治療不可能な恋をした
「失礼。今日の午前にご発表されていた仁科先生、ですよね?」
会場の端にたどり着き、テーブルに置かれたグラスを手に取ったそのとき、声をかけられて振り返る。そこには名札をつけた50代くらいの生真面目そうな男性医師と、若い女性が立っていた。
「……はい、そうです」
「やっぱり。慢性小児疾患のフォローアップに関するご報告、大変興味深く拝聴しました。とても丁寧なアプローチで、うちの病院でも活かせそうな点が多く、個人的にお話をしてみたかったんです」
「あ、ありがとうございます。拙い発表でしたが……」
「とんでもない。家族支援の視点まで織り込まれていて、現場感がある内容でしたよ」
そう言われると、少しだけ肩の力が抜ける。
(やっぱり、準備してよかった)
「仁科先生、名刺などはお持ちですか? 差し支えなければですが」
「いえ、そんな。ぜひお願いします」
名刺を交換し、それから少しだけ立ち話が続いた。隣にいた女性も医師らしく、同じく名刺を差し出しながら梨乃の話に興味深そうに頷いている。

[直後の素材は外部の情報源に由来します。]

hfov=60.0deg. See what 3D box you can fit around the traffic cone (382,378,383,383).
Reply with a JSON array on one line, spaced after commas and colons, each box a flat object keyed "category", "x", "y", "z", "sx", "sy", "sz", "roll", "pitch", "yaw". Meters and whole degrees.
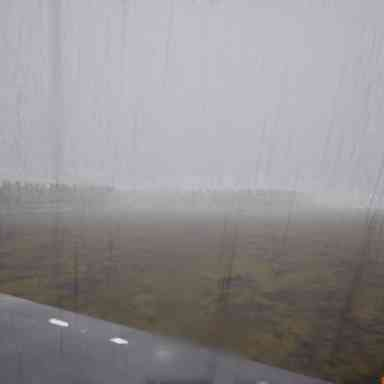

そうしてひとしきり会話が終わる頃には、グラスの中身も半分ほどになっていた。
「それでは仁科先生。またどこかの機会でお目にかかれたら嬉しいです」
「はい。こちらこそ、お声がけいただきありがとうございました」
会釈をして別れ、名刺をバッグにしまう。
再び歩き出そうとした、そのときだった。
会場の一角で、ひときわ目立つ明るい声が響いた。